Ce spectacle lève le voile sur une histoire commune, économique, politique et religieuse. Il était important que l'on crève l'abcès sur ce sujet demeuré tabou. Cela montre aussi qu'il y a eu des Congolais complices de tout temps et que la Belgique s'est enrichie sur le dos du Congo. Le public a reconnu le bien-fondé de cette pièce; certains jeunes étaient effarés de ce qu'ils découvraient. »

C'est Kinshasa qui a eu la primeur de ce spectacle. Les réactions ont été enthousiastes ou très vives, jamais indifférentes. « J'ai atteint mon objectif, poursuit la metteur en scène: dire les choses et provoquer une réflexion dans différents milieux. C'est un des rôles essentiels du théâtre que de susciter les débats ! Je n'ai pas envie que les gens se mettent à genoux et disent pardon, mais qu'ils voient la réalité en face. Pour sortir de ces rapports de pouvoir entre le Nord et le Sud et de cette sympathie qui tue. »

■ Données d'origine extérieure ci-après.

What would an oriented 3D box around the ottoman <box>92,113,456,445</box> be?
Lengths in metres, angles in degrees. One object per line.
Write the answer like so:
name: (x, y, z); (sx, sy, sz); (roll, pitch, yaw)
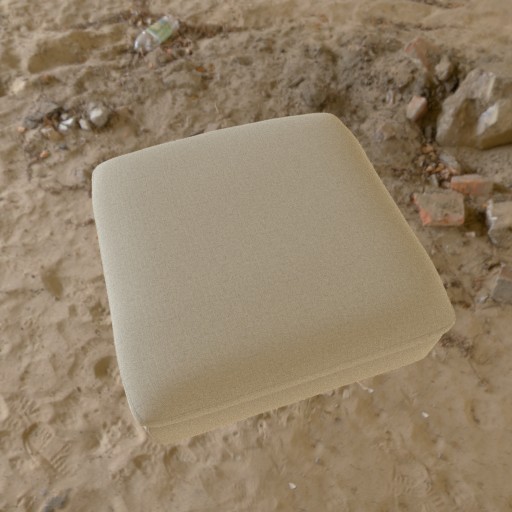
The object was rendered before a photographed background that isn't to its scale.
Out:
ottoman: (0.000, 0.000, 1.557); (0.996, 0.467, 0.977); (-15, 60, -9)
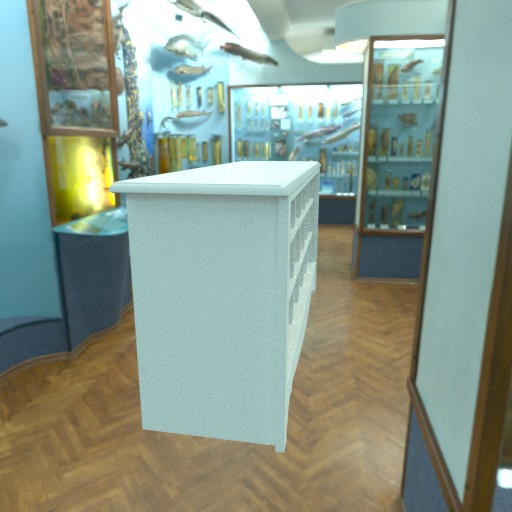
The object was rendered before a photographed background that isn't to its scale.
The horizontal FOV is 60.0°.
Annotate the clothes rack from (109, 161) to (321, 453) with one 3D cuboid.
[{"bbox_3d":[0.000,0.000,1.361,0.324,0.531,1.120,3,14,10],"label":"clothes rack"}]

Si le spectacle provoque des réactions si émotionnelles, c'est qu'il touche un point délicat de l'histoire de la Belgique et de l'Europe: ses relations à l'Afrique et les responsabilités devant les désastres actuels. « L'idéal civilisateur est un malentendu, même si, j'en suis convaincu, il a mobilisé de nombreuses bonnes volontés, conclut l'historien Elikia M'Bokolo. Un discours humanitaire a habillé les intérêts des milieux d'affaires, du pouvoir religieux, des politiques et des militaires. Le système a fonctionné essentiellement par la force et par les violences, réelles ou symboliques. Les peuples ont dû se soumettre à un ordre géographique, à un appareil d'Etat et à un système économique extérieurs. Il y a là une fracture sensible qui fait problème entre le Congo et la Belgique. »

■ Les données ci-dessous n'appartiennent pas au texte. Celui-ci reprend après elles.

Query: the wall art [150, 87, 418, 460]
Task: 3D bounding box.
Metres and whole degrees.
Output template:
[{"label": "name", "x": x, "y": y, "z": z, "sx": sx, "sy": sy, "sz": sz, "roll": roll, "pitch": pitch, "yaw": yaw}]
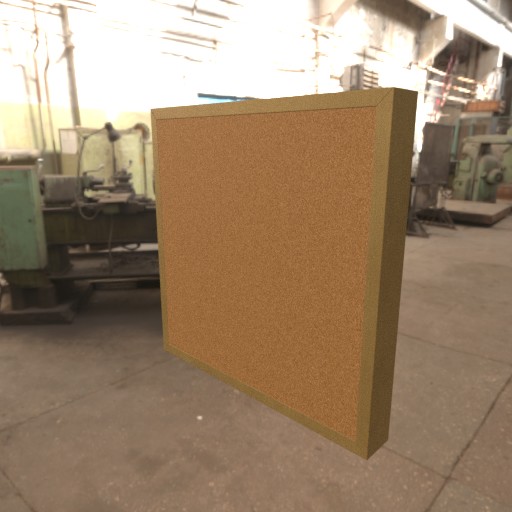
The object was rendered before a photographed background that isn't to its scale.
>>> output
[{"label": "wall art", "x": 0.000, "y": 0.000, "z": 0.462, "sx": 0.305, "sy": 0.305, "sz": 0.038, "roll": 14, "pitch": 20, "yaw": 42}]
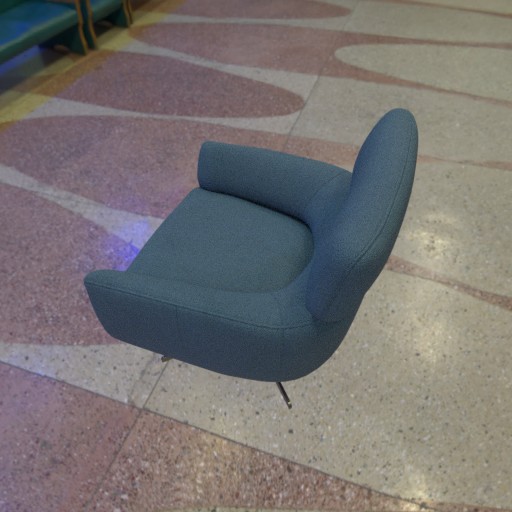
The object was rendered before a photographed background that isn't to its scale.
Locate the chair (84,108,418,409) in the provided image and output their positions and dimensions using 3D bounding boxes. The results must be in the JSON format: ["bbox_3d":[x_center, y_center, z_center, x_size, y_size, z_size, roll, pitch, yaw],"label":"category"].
[{"bbox_3d":[0.000,0.000,1.356,0.761,0.813,0.738,16,48,15],"label":"chair"}]
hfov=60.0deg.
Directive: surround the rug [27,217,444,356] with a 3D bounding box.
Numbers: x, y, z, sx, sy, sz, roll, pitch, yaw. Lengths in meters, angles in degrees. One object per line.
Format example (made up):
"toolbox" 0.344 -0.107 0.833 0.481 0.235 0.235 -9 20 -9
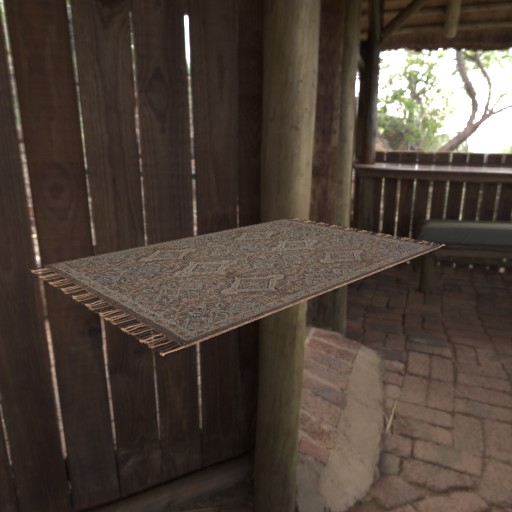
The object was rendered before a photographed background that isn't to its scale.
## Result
"rug" 0.000 0.000 2.998 2.434 0.010 1.516 -15 21 -42
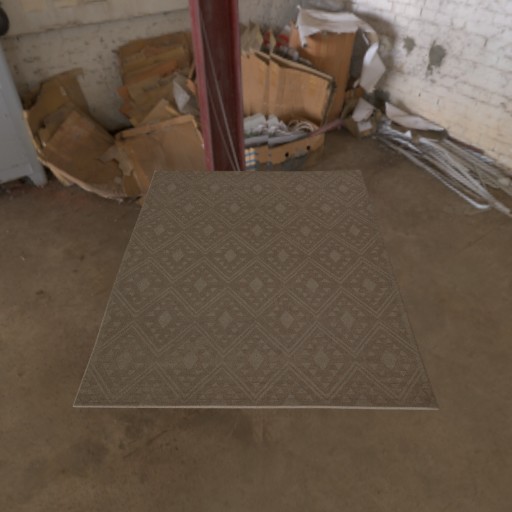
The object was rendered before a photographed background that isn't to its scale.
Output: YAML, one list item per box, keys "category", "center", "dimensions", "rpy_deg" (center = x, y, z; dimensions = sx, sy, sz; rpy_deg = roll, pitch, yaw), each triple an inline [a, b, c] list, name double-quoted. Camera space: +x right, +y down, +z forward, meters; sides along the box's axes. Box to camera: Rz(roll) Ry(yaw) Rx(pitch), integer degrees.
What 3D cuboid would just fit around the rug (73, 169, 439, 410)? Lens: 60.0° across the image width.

Pour ce qui est de l'actualité, l'auteur avance que « la dépendance économique, la question des frontières, la représentation que les hommes ont les uns des autres (Hutu/Tutsi, Rwandais/Congolais) sont des effets de la colonisation. La prise en compte des responsabilités historiques et la bonne volonté des hommes politiques belges pourraient les mener à un rôle de conciliation. Mais, aujourd'hui, les Congolais ont la volonté de sortir de ces séquences coloniales et post-coloniales, et d'être acteurs de leur propre histoire, quitte à se tromper ».

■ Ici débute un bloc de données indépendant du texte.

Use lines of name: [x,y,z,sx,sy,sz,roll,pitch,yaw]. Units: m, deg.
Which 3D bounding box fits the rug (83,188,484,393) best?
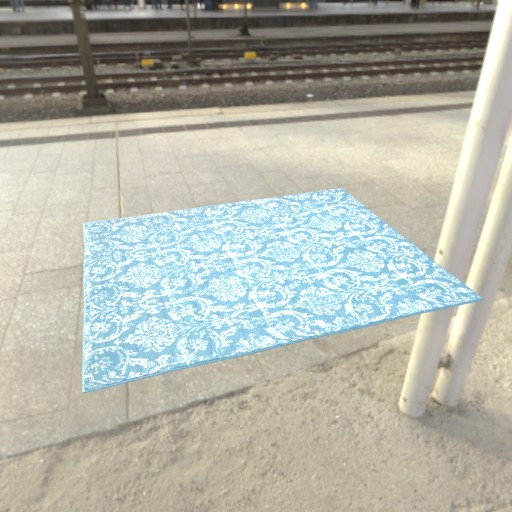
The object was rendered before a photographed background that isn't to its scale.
rug: [0.000,0.000,4.026,2.980,0.012,2.363,-10,33,-16]
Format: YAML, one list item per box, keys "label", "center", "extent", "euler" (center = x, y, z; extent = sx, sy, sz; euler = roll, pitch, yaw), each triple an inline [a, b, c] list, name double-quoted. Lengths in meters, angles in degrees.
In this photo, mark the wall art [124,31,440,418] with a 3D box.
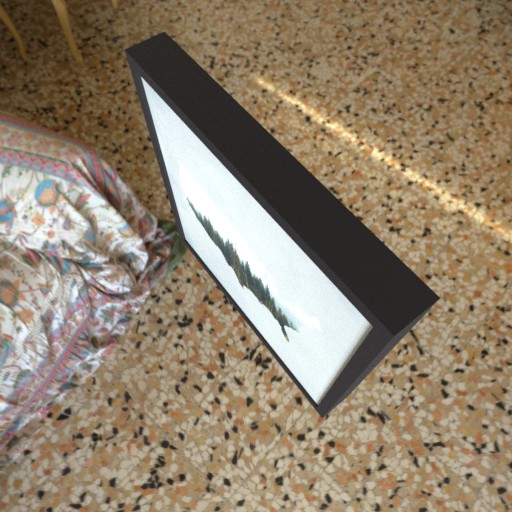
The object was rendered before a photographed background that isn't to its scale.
- label: "wall art"
  center: [0.000, 0.000, 0.443]
  extent: [0.038, 0.304, 0.304]
  euler: [-34, 67, -17]
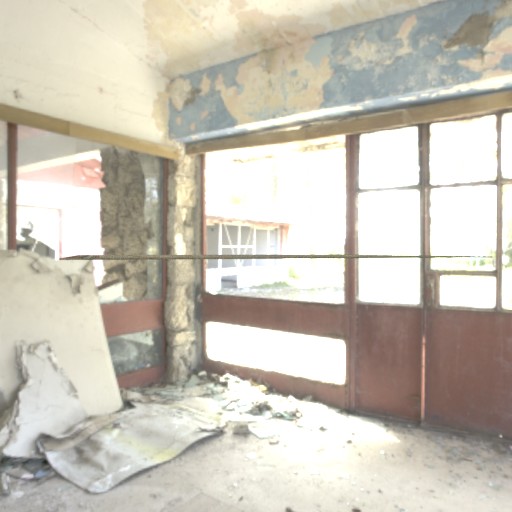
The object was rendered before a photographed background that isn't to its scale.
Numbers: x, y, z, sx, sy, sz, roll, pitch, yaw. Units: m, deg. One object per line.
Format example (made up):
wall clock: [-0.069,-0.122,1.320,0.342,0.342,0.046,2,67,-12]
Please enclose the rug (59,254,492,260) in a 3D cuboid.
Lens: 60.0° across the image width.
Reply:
rug: [0.000,0.000,3.421,2.651,0.010,1.971,0,1,-19]
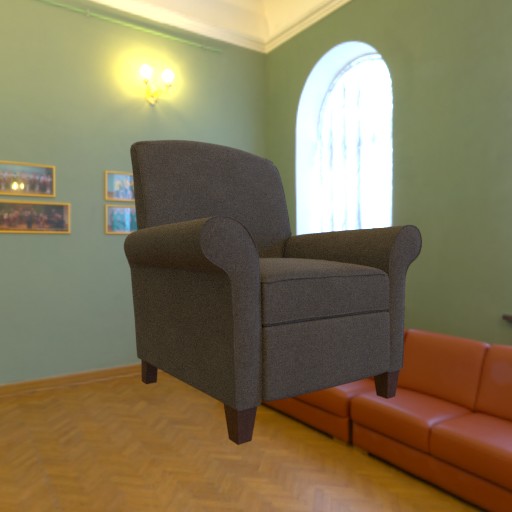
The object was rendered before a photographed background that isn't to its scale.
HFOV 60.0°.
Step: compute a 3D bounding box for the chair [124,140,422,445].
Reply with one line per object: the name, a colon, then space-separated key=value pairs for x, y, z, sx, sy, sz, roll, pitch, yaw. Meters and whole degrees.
chair: x=0.000 y=0.000 z=1.795 sx=0.978 sy=1.061 sz=0.905 roll=-1 pitch=1 yaw=-36
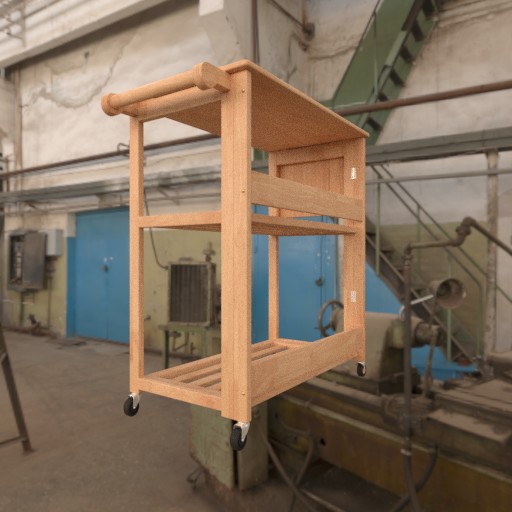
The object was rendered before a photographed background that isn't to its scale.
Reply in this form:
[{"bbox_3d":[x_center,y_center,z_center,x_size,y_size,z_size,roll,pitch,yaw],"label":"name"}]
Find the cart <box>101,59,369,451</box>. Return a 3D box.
[{"bbox_3d":[0.000,0.000,1.387,0.432,0.879,0.853,0,0,35],"label":"cart"}]
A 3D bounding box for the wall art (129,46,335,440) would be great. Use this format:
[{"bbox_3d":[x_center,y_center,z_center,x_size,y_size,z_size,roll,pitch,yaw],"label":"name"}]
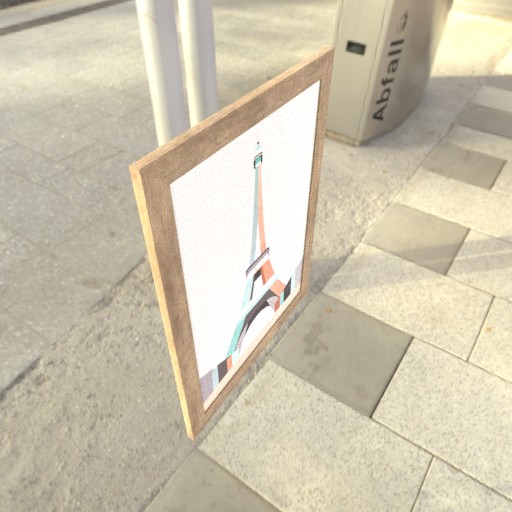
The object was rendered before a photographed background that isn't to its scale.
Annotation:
[{"bbox_3d":[0.000,0.000,0.921,0.018,0.686,0.534,23,47,24],"label":"wall art"}]

A l'heure où les archives passent petit à petit dans le domaine public et posent question (commission Lumumba, génocides et guerres au Rwanda et au Burundi, échecs des systèmes de santé et d'éducation, « éléphants blancs » de la coopération...), seule une analyse libérée des secrets d'Etat peut, sans doute, mener à une compréhension plus claire du passé. Mais l'Afrique ne reste-elle pas tributaire de la domination politique, économique et culturelle du monde occidental ? Elle doit jongler avec la mondialisation conquérante, la charité misérabiliste et les appétits économiques de tous ordres. Son patrimoine, traditionnel et contemporain, est certes immense A partir de là, intellectuels, chercheurs ou artistes montent sur les planches et posent de bonnes questions. Saurons-nous les écouter?